Parti début novembre, le Zougois gagnera 1 million de francs jusqu’au terme de la saison. Et même un demi-million supplémentaire si son équipe décroche le titre national dans la «Superliga» russe. Pour Oleg Petrov, ex-attaquant de Genève-Servette et Zoug, les clubs russes s’efforcent aussi de soigner leur image de marque. «Les entreprises, capitaines d’industrie ou compagnies de gaz ou de pétrole veulent contribuer au divertissement d’une population souvent pauvre», relève-t-il.

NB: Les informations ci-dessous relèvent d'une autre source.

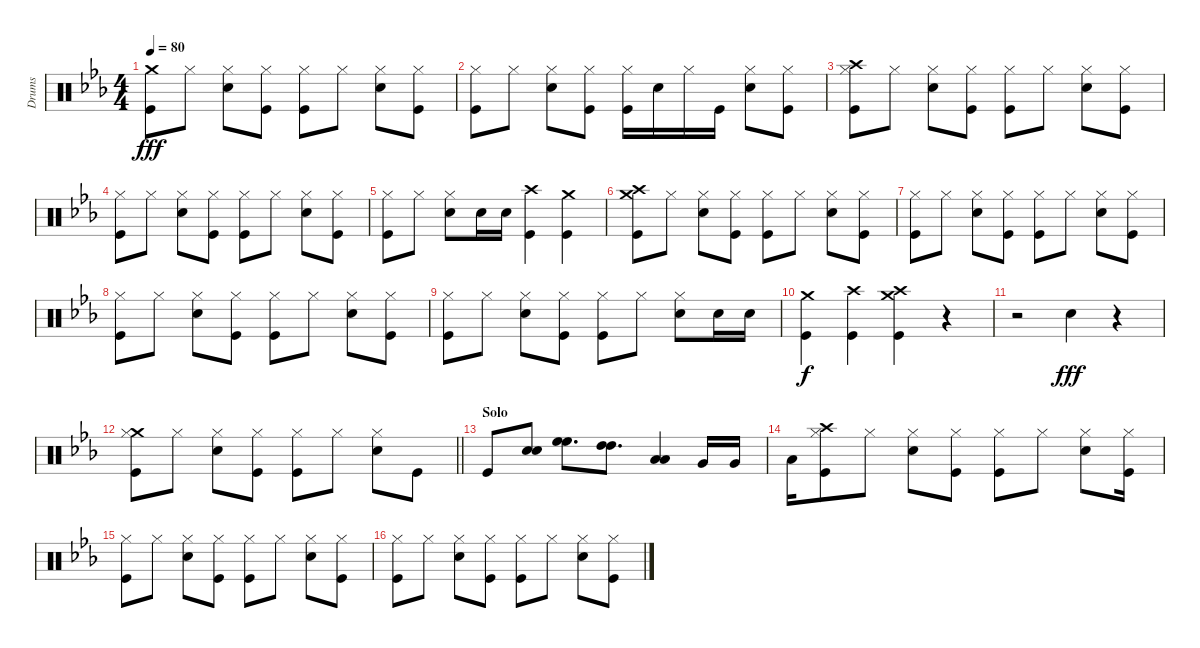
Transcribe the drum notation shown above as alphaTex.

\track ("Drums" "Drums") {instrument percussion}
\staff {score}
\articulation defaults
\ts (4 4)
\tempo 80
\clef neutral
\ks eb
("Crash medium (hit)" "Kick (hit)").8{dy fff} "Hi-Hat (closed)".8 ("Snare (hit) 2" "Hi-Hat (closed)").8 ("Kick (hit)" "Hi-Hat (closed)").8 ("Kick (hit)" "Hi-Hat (closed)").8 "Hi-Hat (closed)".8 ("Snare (hit) 2" "Hi-Hat (closed)").8 ("Kick (hit)" "Hi-Hat (closed)").8 |
("Kick (hit)" "Hi-Hat (closed)").8 "Hi-Hat (closed)".8 ("Snare (hit) 2" "Hi-Hat (closed)").8 ("Kick (hit)" "Hi-Hat (closed)").8 ("Kick (hit)" "Hi-Hat (closed)").16 "Snare (hit) 2".16 "Hi-Hat (closed)".16 "Kick (hit)".16 ("Snare (hit) 2" "Hi-Hat (closed)").8 ("Kick (hit)" "Hi-Hat (closed)").8 |
("Crash high (hit)" "Kick (hit)" "Hi-Hat (closed)").8 "Hi-Hat (closed)".8 ("Snare (hit) 2" "Hi-Hat (closed)").8 ("Kick (hit)" "Hi-Hat (closed)").8 ("Kick (hit)" "Hi-Hat (closed)").8 "Hi-Hat (closed)".8 ("Snare (hit) 2" "Hi-Hat (closed)").8 ("Kick (hit)" "Hi-Hat (closed)").8 |
("Kick (hit)" "Hi-Hat (closed)").8 "Hi-Hat (closed)".8 ("Snare (hit) 2" "Hi-Hat (closed)").8 ("Kick (hit)" "Hi-Hat (closed)").8 ("Kick (hit)" "Hi-Hat (closed)").8 "Hi-Hat (closed)".8 ("Snare (hit) 2" "Hi-Hat (closed)").8 ("Kick (hit)" "Hi-Hat (closed)").8 |
("Kick (hit)" "Hi-Hat (closed)").8 "Hi-Hat (closed)".8 ("Snare (hit) 2" "Hi-Hat (closed)").8 "Snare (hit) 2".16 "Snare (hit) 2".16 ("Crash high (hit)" "Kick (hit)").4 ("Crash medium (hit)" "Kick (hit)").4 |
("Crash high (hit)" "Crash medium (hit)" "Kick (hit)").8 "Hi-Hat (closed)".8 ("Hi-Hat (closed)" "Snare (hit) 2").8 ("Kick (hit)" "Hi-Hat (closed)").8 ("Kick (hit)" "Hi-Hat (closed)").8 "Hi-Hat (closed)".8 ("Snare (hit) 2" "Hi-Hat (closed)").8 ("Kick (hit)" "Hi-Hat (closed)").8 |
("Kick (hit)" "Hi-Hat (closed)").8 "Hi-Hat (closed)".8 ("Snare (hit) 2" "Hi-Hat (closed)").8 ("Kick (hit)" "Hi-Hat (closed)").8 ("Kick (hit)" "Hi-Hat (closed)").8 "Hi-Hat (closed)".8 ("Snare (hit) 2" "Hi-Hat (closed)").8 ("Kick (hit)" "Hi-Hat (closed)").8 |
("Kick (hit)" "Hi-Hat (closed)").8 "Hi-Hat (closed)".8 ("Snare (hit) 2" "Hi-Hat (closed)").8 ("Kick (hit)" "Hi-Hat (closed)").8 ("Kick (hit)" "Hi-Hat (closed)").8 "Hi-Hat (closed)".8 ("Snare (hit) 2" "Hi-Hat (closed)").8 ("Kick (hit)" "Hi-Hat (closed)").8 |
("Kick (hit)" "Hi-Hat (closed)").8 "Hi-Hat (closed)".8 ("Snare (hit) 2" "Hi-Hat (closed)").8 ("Kick (hit)" "Hi-Hat (closed)").8 ("Kick (hit)" "Hi-Hat (closed)").8 "Hi-Hat (closed)".8 ("Snare (hit) 2" "Hi-Hat (closed)").8 "Snare (hit) 2".16 "Snare (hit) 2".16 |
("Crash medium (hit)" "Kick (hit)").4{dy f} ("Crash high (hit)" "Kick (hit)").4 ("Crash high (hit)" "Crash medium (hit)" "Kick (hit)").4 r.4 |
r.2 "Snare (hit) 2".4{dy fff} r.4 |
\barLineRight lightlight
("Crash medium (hit)" "Kick (hit)" "Hi-Hat (closed)").8 "Hi-Hat (closed)".8 ("Snare (hit) 2" "Hi-Hat (closed)").8 ("Kick (hit)" "Hi-Hat (closed)").8 ("Kick (hit)" "Hi-Hat (closed)").8 "Hi-Hat (closed)".8 ("Snare (hit) 2" "Hi-Hat (closed)").8 "Kick (hit)".8 |
\section ("" "Solo")
"Kick (hit)".8 ("Snare (hit) 2" "Snare (hit) 2").8 ("High Floor Tom (hit)" "High Floor Tom (hit)").8{d} ("High Tom (hit)" "High Tom (hit)").8{d} ("Low Tom (hit)" "Low Tom (hit)").4 "Very Low Tom (hit)".16 "Very Low Tom (hit)".16 |
"Low Floor Tom (hit)".16 ("Crash high (hit)" "Kick (hit)" "Hi-Hat (closed)").8 "Hi-Hat (closed)".8 ("Snare (hit) 2" "Hi-Hat (closed)").8 ("Hi-Hat (closed)" "Kick (hit)").8 ("Kick (hit)" "Hi-Hat (closed)").8 "Hi-Hat (closed)".8 ("Snare (hit) 2" "Hi-Hat (closed)").8 ("Kick (hit)" "Hi-Hat (closed)").16 |
("Kick (hit)" "Hi-Hat (closed)").8 "Hi-Hat (closed)".8 ("Snare (hit) 2" "Hi-Hat (closed)").8 ("Kick (hit)" "Hi-Hat (closed)").8 ("Kick (hit)" "Hi-Hat (closed)").8 "Hi-Hat (closed)".8 ("Snare (hit) 2" "Hi-Hat (closed)").8 ("Kick (hit)" "Hi-Hat (closed)").8 |
("Kick (hit)" "Hi-Hat (closed)").8 "Hi-Hat (closed)".8 ("Snare (hit) 2" "Hi-Hat (closed)").8 ("Kick (hit)" "Hi-Hat (closed)").8 ("Hi-Hat (closed)" "Kick (hit)").8 "Hi-Hat (closed)".8 ("Snare (hit) 2" "Hi-Hat (closed)").8 ("Kick (hit)" "Hi-Hat (closed)").8

Les budgets annoncés et la masse salariale des clubs se situent dans une autre galaxie que la Suisse. Les AK Bars Kazan affichent par exemple un budget annuel de 67 millions de dollars. A titre de comparaison, le budget de la plus grosse cylindrée de Suisse se monte à environ 12 millions de francs au CP Berne.

Les sources de financement varient. Certains clubs sont soutenus directement par leur ville, région ou république, là où le pétrole coule à flot et génère des milliards de dollars. C’est le cas, notamment, des AK Bars Kazan, de Nijnekamsk ou de Salavat Yulaev d’Oufa, leader actuel de la Superliga et qui participera à la prochaine Coupe Spengler. Le SKA Saint-Pétersbourg doit son salut au géant Gazprom, Magnitogorsk (champion en titre) à l’industrie métallurgique et Togliatti à l’automobile.

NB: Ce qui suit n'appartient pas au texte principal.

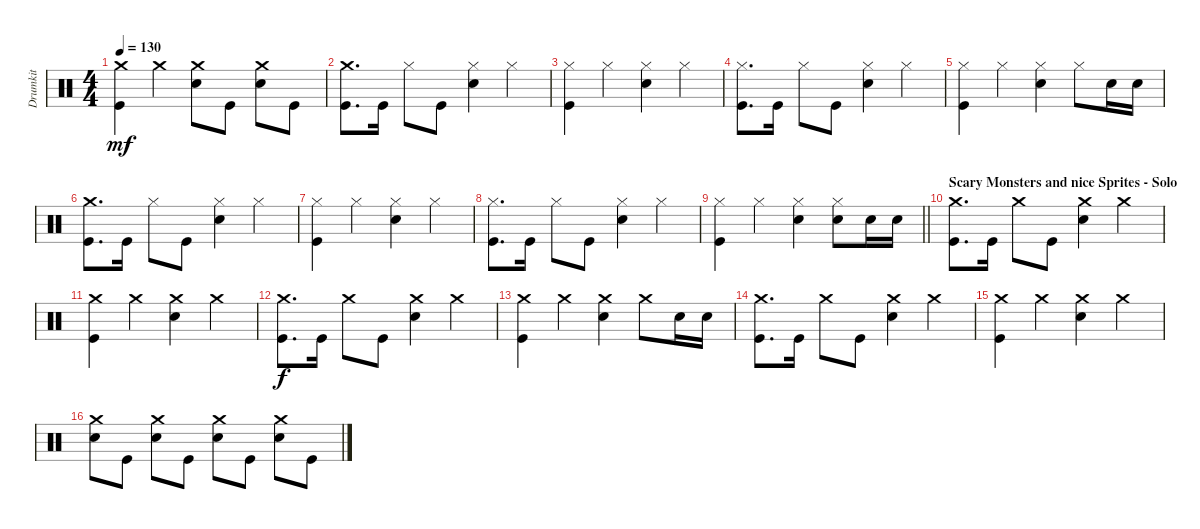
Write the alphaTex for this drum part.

\track ("Drumkit" "Drumkit") {instrument percussion}
\staff {score}
\articulation defaults
\ts (4 4)
\tempo 130
\clef neutral
\ks c
("Kick (hit)" "Crash medium (hit)").4{dy mf} "Crash medium (hit)".4 ("Crash medium (hit)" "Snare (hit) 2").8 "Kick (hit)".8 ("Snare (hit) 2" "Crash medium (hit)").8 "Kick (hit)".8 |
("Kick (hit)" "Crash medium (hit)").8{d} "Kick (hit)".16 "Hi-Hat (closed)".8 "Kick (hit)".8 ("Snare (hit) 2" "Hi-Hat (closed)").4 "Hi-Hat (closed)".4 |
("Kick (hit)" "Hi-Hat (closed)").4 "Hi-Hat (closed)".4 ("Snare (hit) 2" "Hi-Hat (closed)").4 "Hi-Hat (closed)".4 |
("Kick (hit)" "Hi-Hat (closed)").8{d} "Kick (hit)".16 "Hi-Hat (closed)".8 "Kick (hit)".8 ("Snare (hit) 2" "Hi-Hat (closed)").4 "Hi-Hat (closed)".4 |
("Kick (hit)" "Hi-Hat (closed)").4 "Hi-Hat (closed)".4 ("Snare (hit) 2" "Hi-Hat (closed)").4 "Hi-Hat (closed)".8 "Snare (hit) 2".16 "Snare (hit) 2".16 |
("Kick (hit)" "Crash medium (hit)").8{d} "Kick (hit)".16 "Hi-Hat (closed)".8 "Kick (hit)".8 ("Snare (hit) 2" "Hi-Hat (closed)").4 "Hi-Hat (closed)".4 |
("Kick (hit)" "Hi-Hat (closed)").4 "Hi-Hat (closed)".4 ("Snare (hit) 2" "Hi-Hat (closed)").4 "Hi-Hat (closed)".4 |
("Kick (hit)" "Hi-Hat (closed)").8{d} "Kick (hit)".16 "Hi-Hat (closed)".8 "Kick (hit)".8 ("Snare (hit) 2" "Hi-Hat (closed)").4 "Hi-Hat (closed)".4 |
\barLineRight lightlight
("Kick (hit)" "Hi-Hat (closed)").4 "Hi-Hat (closed)".4 ("Snare (hit) 2" "Hi-Hat (closed)").4 ("Hi-Hat (closed)" "Snare (hit) 2").8 "Snare (hit) 2".16 "Snare (hit) 2".16 |
\section ("" "Scary Monsters and nice Sprites - Solo")
("Kick (hit)" "Crash medium (hit)").8{d} "Kick (hit)".16 "Crash medium (hit)".8 "Kick (hit)".8 ("Crash medium (hit)" "Snare (hit) 2").4 "Crash medium (hit)".4 |
("Kick (hit)" "Crash medium (hit)").4 "Crash medium (hit)".4 ("Crash medium (hit)" "Snare (hit) 2").4 "Crash medium (hit)".4 |
("Kick (hit)" "Crash medium (hit)").8{d dy f} "Kick (hit)".16 "Crash medium (hit)".8 "Kick (hit)".8 ("Crash medium (hit)" "Snare (hit) 2").4 "Crash medium (hit)".4 |
("Kick (hit)" "Crash medium (hit)").4 "Crash medium (hit)".4 ("Crash medium (hit)" "Snare (hit) 2").4 "Crash medium (hit)".8 "Snare (hit) 2".16 "Snare (hit) 2".16 |
("Kick (hit)" "Crash medium (hit)").8{d} "Kick (hit)".16 "Crash medium (hit)".8 "Kick (hit)".8 ("Crash medium (hit)" "Snare (hit) 2").4 "Crash medium (hit)".4 |
("Kick (hit)" "Crash medium (hit)").4 "Crash medium (hit)".4 ("Crash medium (hit)" "Snare (hit) 2").4 "Crash medium (hit)".4 |
("Snare (hit) 2" "Crash medium (hit)").8 "Kick (hit)".8 ("Snare (hit) 2" "Crash medium (hit)").8 "Kick (hit)".8 ("Snare (hit) 2" "Crash medium (hit)").8 "Kick (hit)".8 ("Snare (hit) 2" "Crash medium (hit)").8 "Kick (hit)".8

swissinfo, Jonathan Hirsch

Le championnat suisse de hockey doit faire face à une concurrence financière toujours plus féroce des pays scandinaves et surtout de la Russie.

Depuis quelques années, la Superliga russe, qui regroupe vingt organisations, attire à coups de salaires mirobolants des joueurs étrangers qui évoluaient en d’autres temps en Suisse ou en Allemagne.

Coup sur coup, Oleg Petrov, Patrick Fischer et Jukka Hentunen, trois des éléments les plus en vue du championnat suisse, viennent de céder au chant des sirènes début novembre. Ils rejoignent en Russie d’autres étrangers qui avaient fait les beaux jours de clubs suisses récemment, comme Andreas Johansson (Genève-Servette), Jamie Heward (Langnau) ou Eric Landry (Bâle).

Seuls quatre étrangers sont autorisés à patiner simultanément dans une équipe russe. Mais pour les clubs, souvent soutenus par des puissantes compagnies pétrolières ou de gaz, recruter des mercenaires est aussi une question de prestige.